Problem description: Search each line of the data for the word "termijn"; copy every line where it is found.

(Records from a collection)
=======

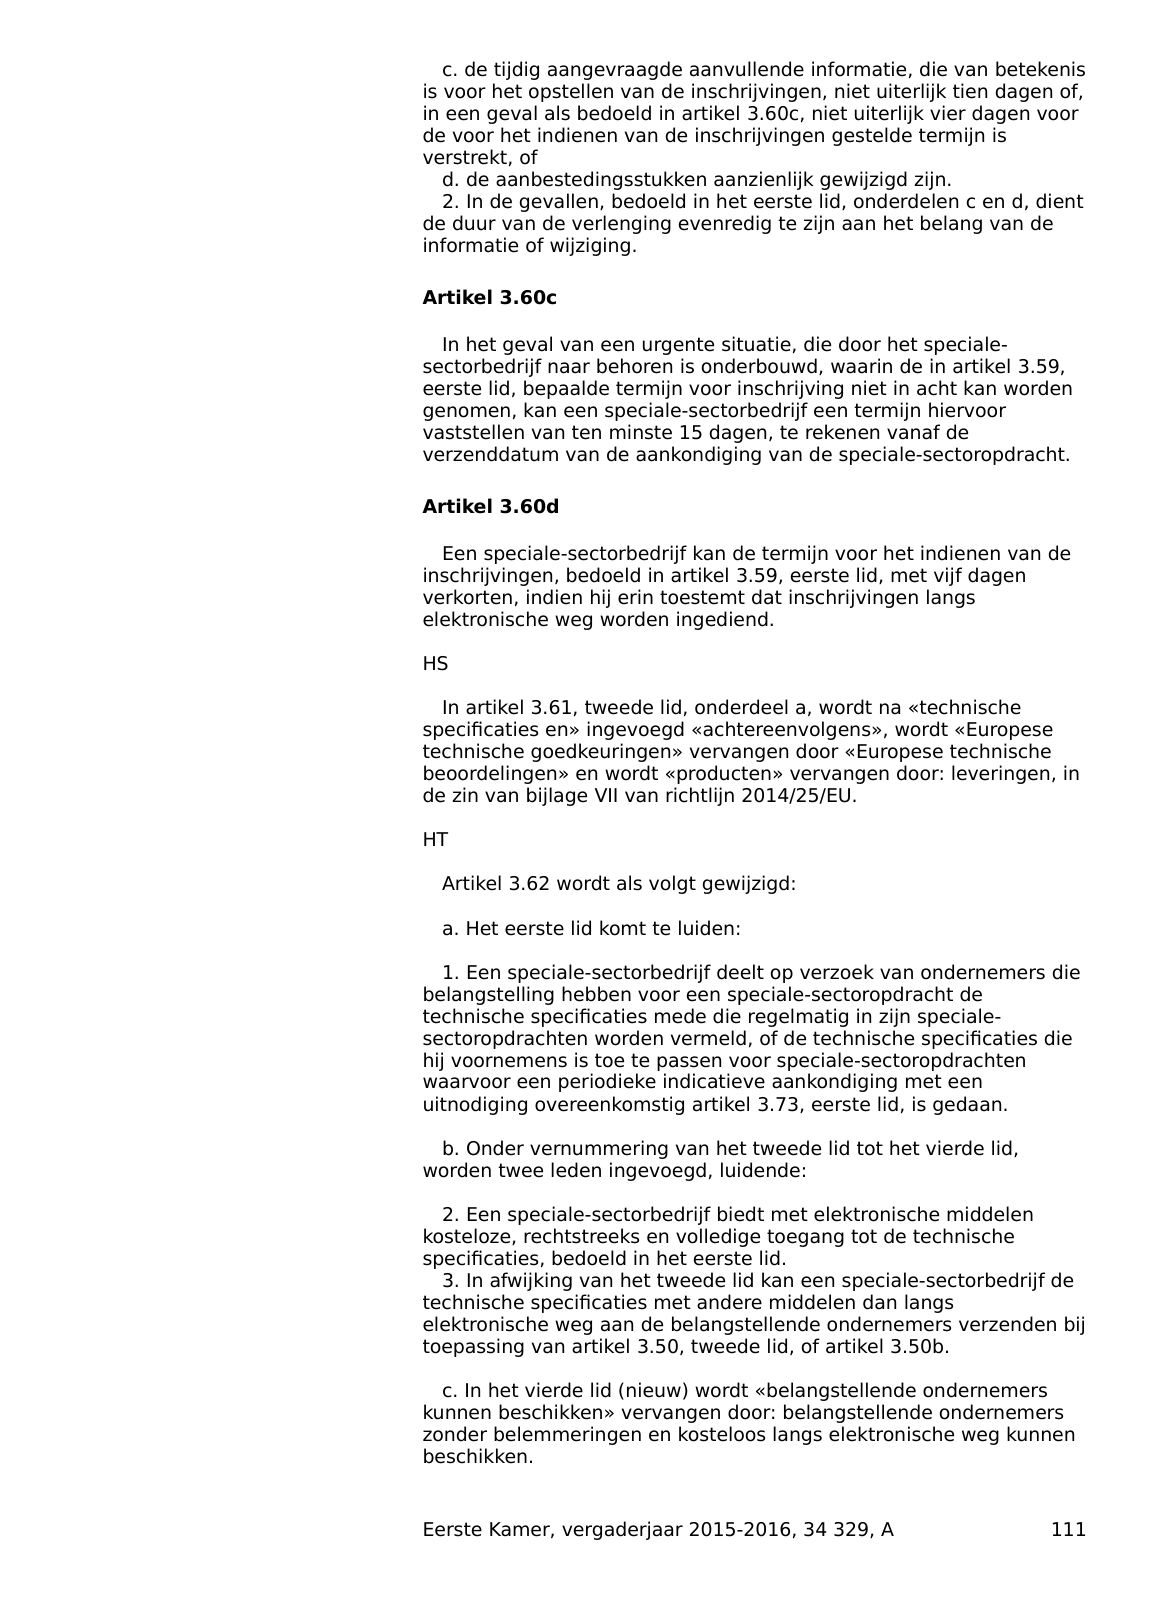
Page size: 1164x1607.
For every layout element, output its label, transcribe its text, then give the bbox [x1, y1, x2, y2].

text c. de tijdig aangevraagde aanvullende informatie, die van betekenis is voor het opstellen van de inschrijvingen, niet uiterlijk tien dagen of, in een geval als bedoeld in artikel 3.60c, niet uiterlijk vier dagen voor de voor het indienen van de inschrijvingen gestelde termijn is verstrekt, of [422, 59, 1087, 169]
text Een speciale-sectorbedrijf kan de termijn voor het indienen van de inschrijvingen, bedoeld in artikel 3.59, eerste lid, met vijf dagen verkorten, indien hij erin toestemt dat inschrijvingen langs elektronische weg worden ingediend. [422, 543, 1087, 631]
text 3. In afwijking van het tweede lid kan een speciale-sectorbedrijf de technische specificaties met andere middelen dan langs elektronische weg aan de belangstellende ondernemers verzenden bij toepassing van artikel 3.50, tweede lid, of artikel 3.50b. [422, 1270, 1087, 1358]
text HS [422, 653, 1087, 675]
text a. Het eerste lid komt te luiden: [422, 917, 1087, 939]
subtitle Artikel 3.60d [422, 496, 1087, 518]
text 1. Een speciale-sectorbedrijf deelt op verzoek van ondernemers die belangstelling hebben voor een speciale-sectoropdracht de technische specificaties mede die regelmatig in zijn speciale-sectoropdrachten worden vermeld, of de technische specificaties die hij voornemens is toe te passen voor speciale-sectoropdrachten waarvoor een periodieke indicatieve aankondiging met een uitnodiging overeenkomstig artikel 3.73, eerste lid, is gedaan. [422, 962, 1087, 1115]
text HT [422, 829, 1087, 851]
text 2. In de gevallen, bedoeld in het eerste lid, onderdelen c en d, dient de duur van de verlenging evenredig te zijn aan het belang van de informatie of wijziging. [422, 191, 1087, 257]
text Artikel 3.62 wordt als volgt gewijzigd: [422, 873, 1087, 895]
text In artikel 3.61, tweede lid, onderdeel a, wordt na «technische specificaties en» ingevoegd «achtereenvolgens», wordt «Europese technische goedkeuringen» vervangen door «Europese technische beoordelingen» en wordt «producten» vervangen door: leveringen, in de zin van bijlage VII van richtlijn 2014/25/EU. [422, 697, 1087, 807]
text b. Onder vernummering van het tweede lid tot het vierde lid, worden twee leden ingevoegd, luidende: [422, 1138, 1087, 1182]
text d. de aanbestedingsstukken aanzienlijk gewijzigd zijn. [422, 169, 1087, 191]
subtitle Artikel 3.60c [422, 287, 1087, 309]
text 2. Een speciale-sectorbedrijf biedt met elektronische middelen kosteloze, rechtstreeks en volledige toegang tot de technische specificaties, bedoeld in het eerste lid. [422, 1204, 1087, 1270]
text In het geval van een urgente situatie, die door het speciale-sectorbedrijf naar behoren is onderbouwd, waarin de in artikel 3.59, eerste lid, bepaalde termijn voor inschrijving niet in acht kan worden genomen, kan een speciale-sectorbedrijf een termijn hiervoor vaststellen van ten minste 15 dagen, te rekenen vanaf de verzenddatum van de aankondiging van de speciale-sectoropdracht. [422, 334, 1087, 466]
text c. In het vierde lid (nieuw) wordt «belangstellende ondernemers kunnen beschikken» vervangen door: belangstellende ondernemers zonder belemmeringen en kosteloos langs elektronische weg kunnen beschikken. [422, 1380, 1087, 1468]
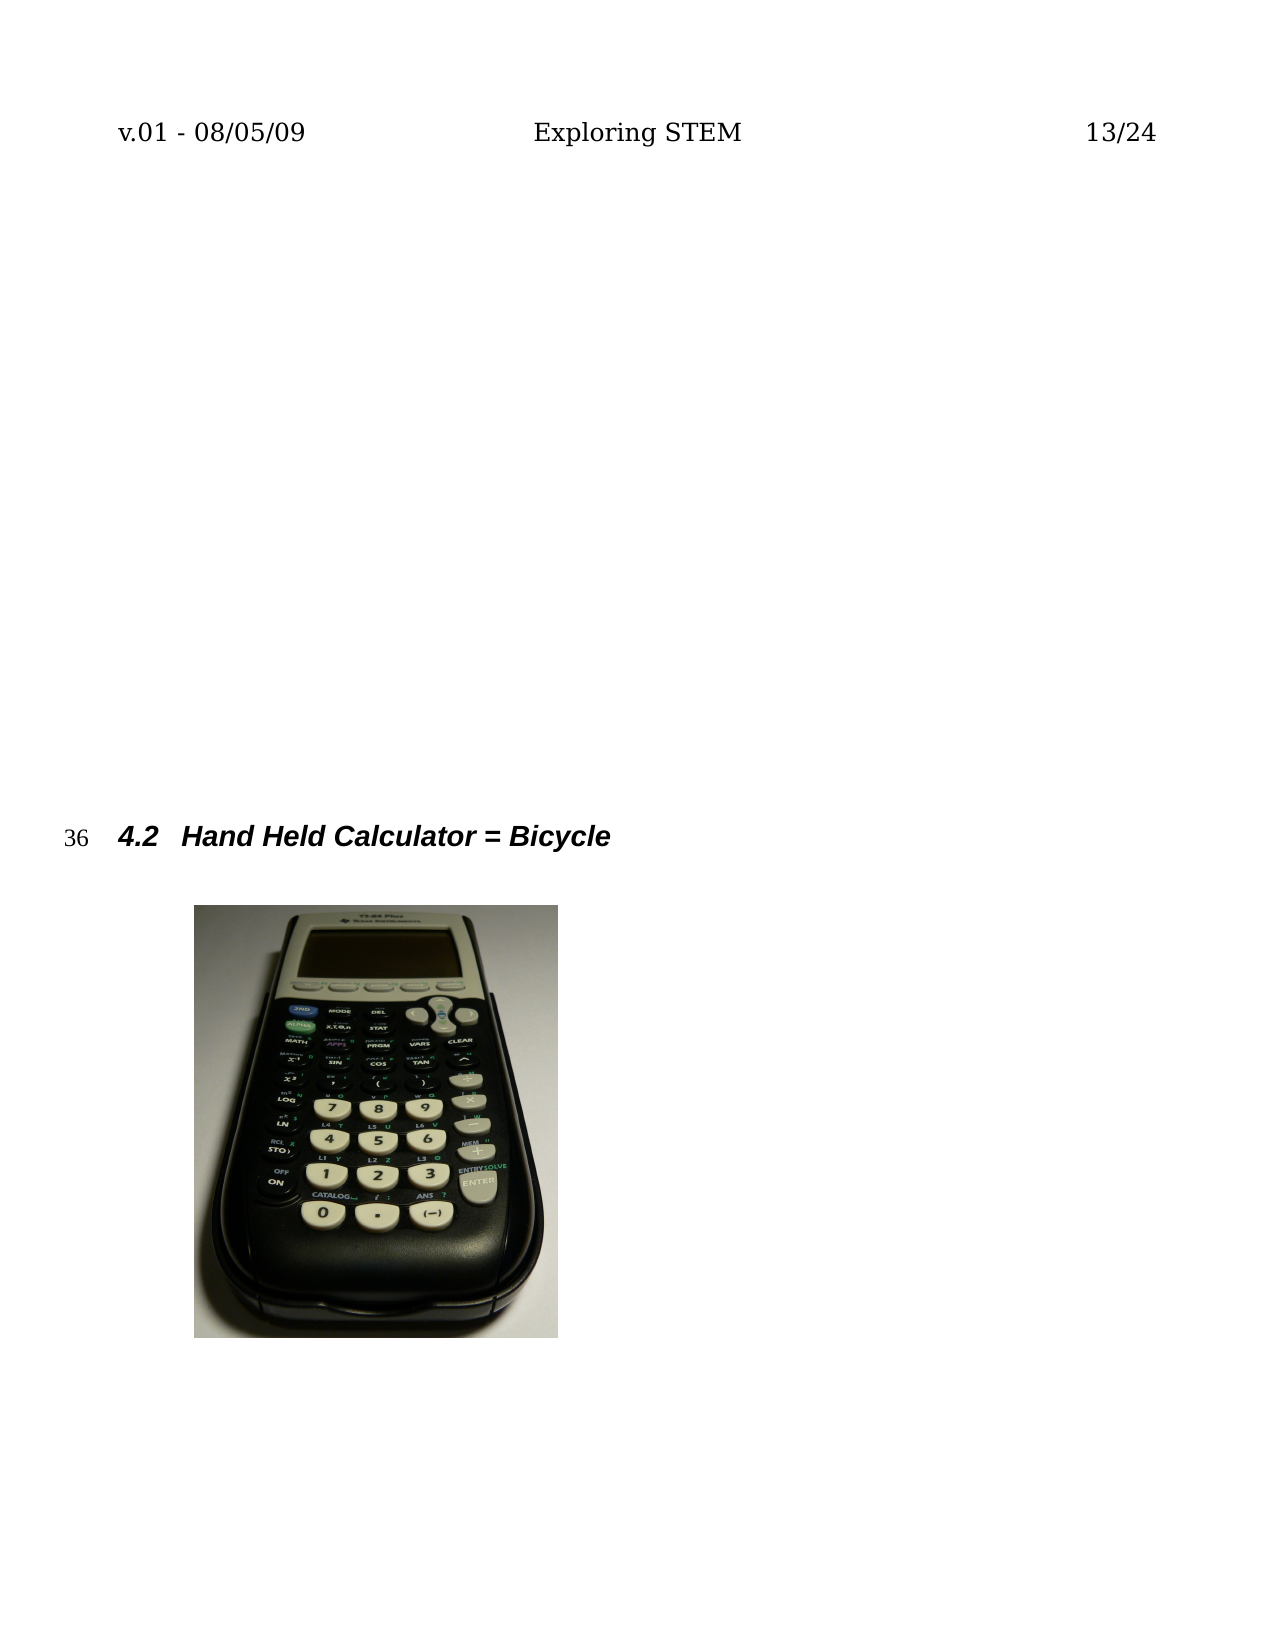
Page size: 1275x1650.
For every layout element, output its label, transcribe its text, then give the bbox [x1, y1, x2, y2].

picture [194, 905, 558, 1338]
subtitle Hand Held Calculator = Bicycle [118, 819, 1157, 853]
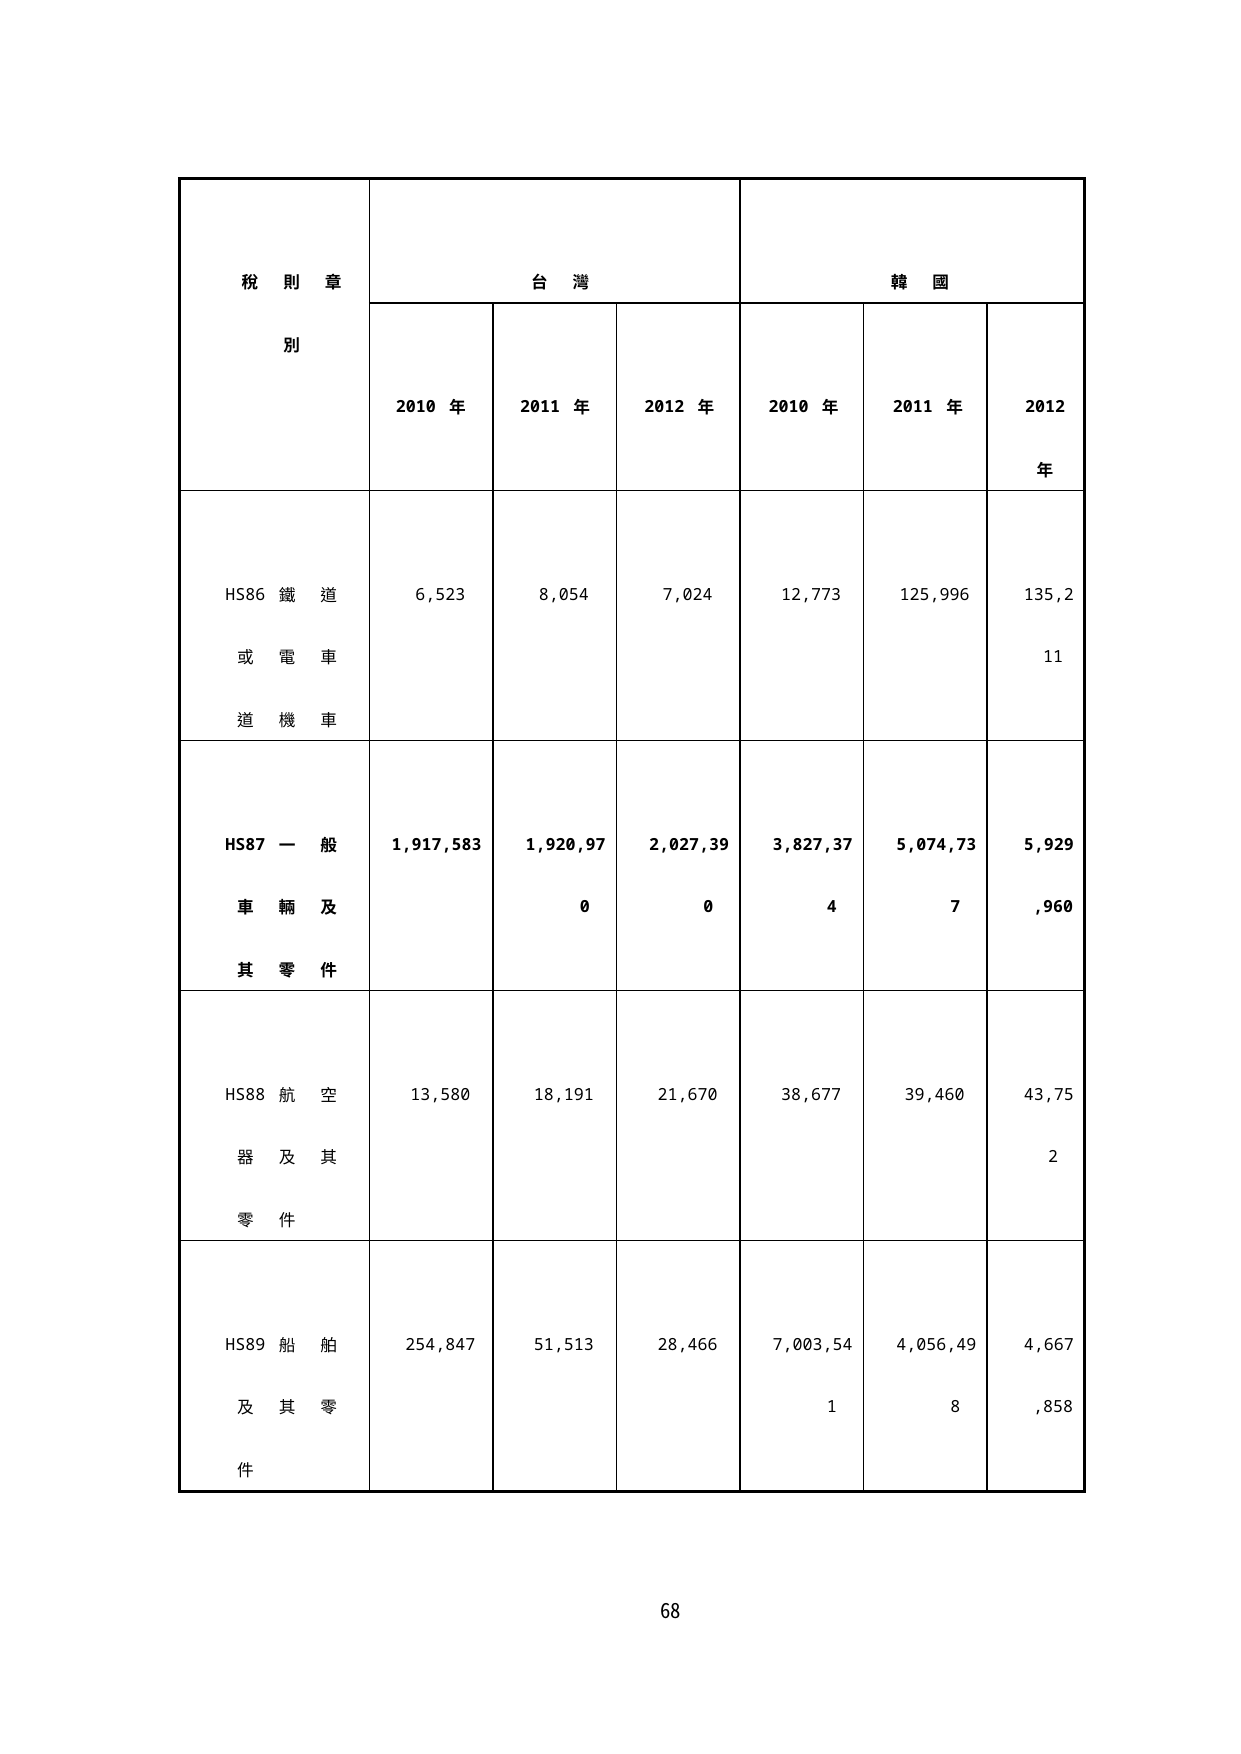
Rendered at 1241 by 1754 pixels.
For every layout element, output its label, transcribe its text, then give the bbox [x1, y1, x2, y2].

table_cell 2012年 [617, 304, 739, 490]
table_cell 2011年 [494, 304, 616, 490]
table_cell HS88航空器及其零件 [181, 991, 369, 1240]
table_cell 254,847 [370, 1241, 492, 1490]
table_cell 125,996 [864, 491, 986, 740]
table_cell 12,773 [741, 491, 863, 740]
table_cell 1,920,970 [494, 741, 616, 990]
table_cell 7,003,541 [741, 1241, 863, 1490]
table_cell 6,523 [370, 491, 492, 740]
table_cell 7,024 [617, 491, 739, 740]
table_cell 21,670 [617, 991, 739, 1240]
table_header 韓國 [741, 180, 1083, 302]
table_cell 43,752 [988, 991, 1083, 1240]
table_cell 2010年 [741, 304, 863, 490]
table_cell 5,074,737 [864, 741, 986, 990]
table_header 稅則章別 [181, 180, 369, 490]
table_cell 13,580 [370, 991, 492, 1240]
table_cell HS86鐵道或電車道機車 [181, 491, 369, 740]
table_cell 38,677 [741, 991, 863, 1240]
table_cell 4,056,498 [864, 1241, 986, 1490]
table_cell 39,460 [864, 991, 986, 1240]
table_cell 4,667,858 [988, 1241, 1083, 1490]
table_cell 5,929,960 [988, 741, 1083, 990]
table_cell 2012年 [988, 304, 1083, 490]
table_cell 3,827,374 [741, 741, 863, 990]
table_cell 51,513 [494, 1241, 616, 1490]
table_cell 28,466 [617, 1241, 739, 1490]
table_cell 8,054 [494, 491, 616, 740]
table_cell 2010年 [370, 304, 492, 490]
table_cell 1,917,583 [370, 741, 492, 990]
table_cell HS87一般車輛及其零件 [181, 741, 369, 990]
table_cell 18,191 [494, 991, 616, 1240]
table_header 台灣 [370, 180, 739, 302]
table_cell 2,027,390 [617, 741, 739, 990]
table_cell 135,211 [988, 491, 1083, 740]
table_cell 2011年 [864, 304, 986, 490]
table_cell HS89船舶及其零件 [181, 1241, 369, 1490]

=======

Exercise response:
text c. de tijdig aangevraagde aanvullende informatie, die van betekenis is voor het opstellen van de inschrijvingen, niet uiterlijk tien dagen of, in een geval als bedoeld in artikel 3.60c, niet uiterlijk vier dagen voor de voor het indienen van de inschrijvingen gestelde termijn is verstrekt, of [422, 59, 1087, 169]
text Een speciale-sectorbedrijf kan de termijn voor het indienen van de inschrijvingen, bedoeld in artikel 3.59, eerste lid, met vijf dagen verkorten, indien hij erin toestemt dat inschrijvingen langs elektronische weg worden ingediend. [422, 543, 1087, 631]
text In het geval van een urgente situatie, die door het speciale-sectorbedrijf naar behoren is onderbouwd, waarin de in artikel 3.59, eerste lid, bepaalde termijn voor inschrijving niet in acht kan worden genomen, kan een speciale-sectorbedrijf een termijn hiervoor vaststellen van ten minste 15 dagen, te rekenen vanaf de verzenddatum van de aankondiging van de speciale-sectoropdracht. [422, 334, 1087, 466]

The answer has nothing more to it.